DEV Community

Cover image for Big Data and NoSQL: A Great Coupling
Ken W Alger
Ken W Alger

Posted on • Originally published at kenwalger.com

Big Data and NoSQL: A Great Coupling

Big data has been a buzzword and topic of conversation for many years. Similarly, the idea of NoSQL as a data store versus "traditional" relational databases is a frequently debated topic. With all of the conversation about these topics, it is important to ask a few questions. What is this thing called big data? Are NoSQL databases like OrientDB a good fit for big data? Let's explore these questions and learn why NoSQL can indeed be a great fit for big data.

Big Data Defined

A popular definition of big data states:

Any quantity of data which is too large or complex that traditional computing power is inadequate to deal with.

While this makes sense, it is important to note that the concept of big data is somewhat relative. It likely has a much different meaning and concept for Farmer Bob, the local apple farmer than it does for Tree Top juice company. In the technology realm, we often think of companies like Facebook or Netflix in relationship to big data processing. But every industry is capturing more and more data.

Think about our apple farmers. Some of the data they might want to be collecting would be soil moisture levels, air & soil temperatures, rainfall, the type of apple being grown, the geo-location of the trees, soil pH, fertilizer applications, pollination events, just to name a few.

In the data industry, there are four common dimensions of big data. The so-called 4 V's, volume, variety, velocity, and veracity.

4 Dimensions of Big Data
  • Volume - the size and scale of the data, a terabyte or more of data is often a breakpoint. But even that is relatively small. A Boeing 737 generates approximately 240 terabytes of data flying across the United States. How 'bout them apples?
  • Variety - the diversity of data in different forms. In our farming example, there could be different sensors around the orchard sending a variety of data into the database.
  • Velocity - the speed at which data is collected and needs to be processed. Perhaps not entirely applicable for Farmer Bob, but for many big data applications velocity is very important. Stock trading algorithms change very quickly and must be timely, for example.
  • Veracity - the quality of data itself, is it accurate? Is it stored accurately and can it be retrieved accurately?

All of these pieces together help to influence the decision as to if you are dealing with big data.

Assuming, then, that our apple orchard is large enough to qualify for big data membership, why would we choose a NoSQL database? How does a NoSQL database, like OrientDB, help to address the concerns of the 4 V's?

Stop the Presses: NoSQL for the Win

Okay, a bit of a pun there with presses while talking about apple orchards, please forgive me. But seriously, NoSQL does offer some great wins for storing big data. In fact, in many of the areas of the 4 V's NoSQL is a better choice than its relational, SQL, counterpart.

The variety of data becomes problematic in a relational data model as it requires multiple tables and many Joins to process the data.
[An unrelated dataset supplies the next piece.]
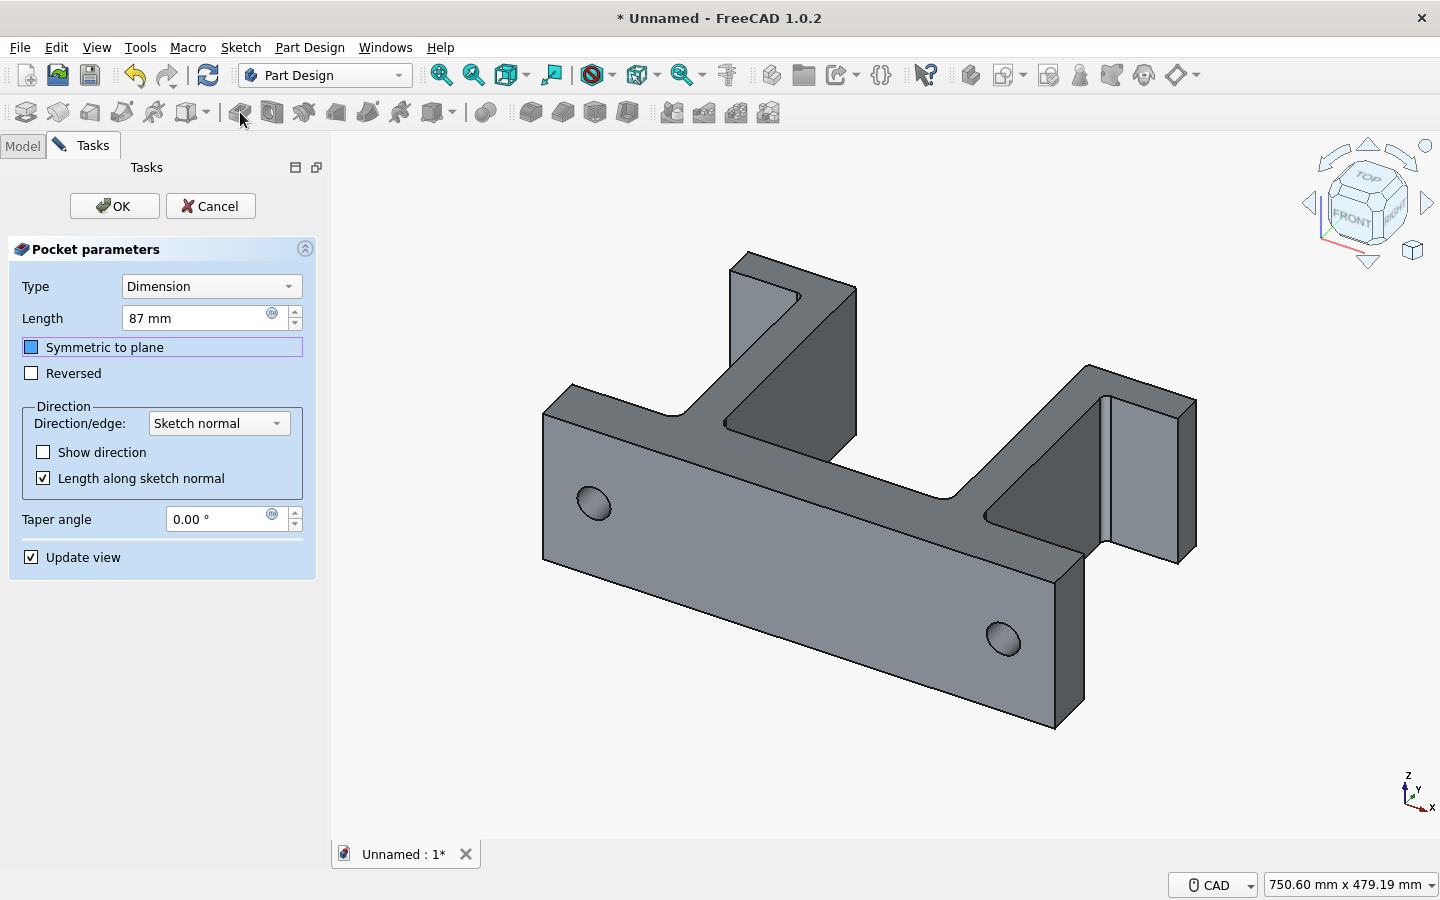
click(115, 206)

A multi-model database like OrientDB is capable of storing records in a schemaless fashion that is easy to generate programmatically. This allows for data with a variety of "looks" to be stored quickly into a single record. Being a multi-model database, a variety of types of records can be stored in the same database.

Further, without having to do Joins, traversing the data for read operations is very fast. The ability to read and write records rapidly is vital for keeping up with the velocity of data. Performance of the database is a huge portion of being able to reliably process your data and get results.

One of the challenges that SQL databases face is that of scalability. They are mostly designed around a master-slave architecture which often becomes a bottleneck. The solution to scale is over to upgrade hardware to bigger and faster. In the NoSQL world, we can scale with a multi-master and sharded architecture. This allows for horizontal scaling and adds to veracity as well as the new servers can be spread out across geographic locations.

Making sure the data you think you are storing is actually being stored is probably the most important of all. Having the ability and confidence of knowing that your database transactions are secure and accurate is huge. OrientDB transactions are ACID compliant providing an extra level of guarantee that your data is your data. This also helps to make sure that the technical department doesn't upset the apple cart with corporate executives.

Wrap Up

We have taken a look at what big data is and how to determine if your data is big data. We then examined why NoSQL is a great fit for storing our data. OrientDB is definitely worth a look at storing your NoSQL data for your big data needs.


Follow me on Twitter @kenwalger to get the latest updates on my postings or read my other posts on my blog.

Top comments (2)

Collapse
 
jbristow profile image
Jon Bristow

Do you think nosql can keep up when doing arbitrary analysis of structured data? I’m under the impression that for real data analysis work you’re going to want a query/access optimizer to help you out.

Also, I’m interested to hear how orientdb performs returning near petabyte result sets.

Collapse
 
kenwalger profile image
Ken W Alger

I think it all depends on your application and data design. NoSQL can be incredibly fast for processing but to get the most "bang for your buck" schemas need to be designed differently than they are in a SQL world. It's not a bad thing. It's just a different data modeling style.

In terms of OrientDB performance specifically, it can handle large loads. However, like I just said, the data model is important for top performance. There are many resources available on NoSQL schema design that are well worth the time to read.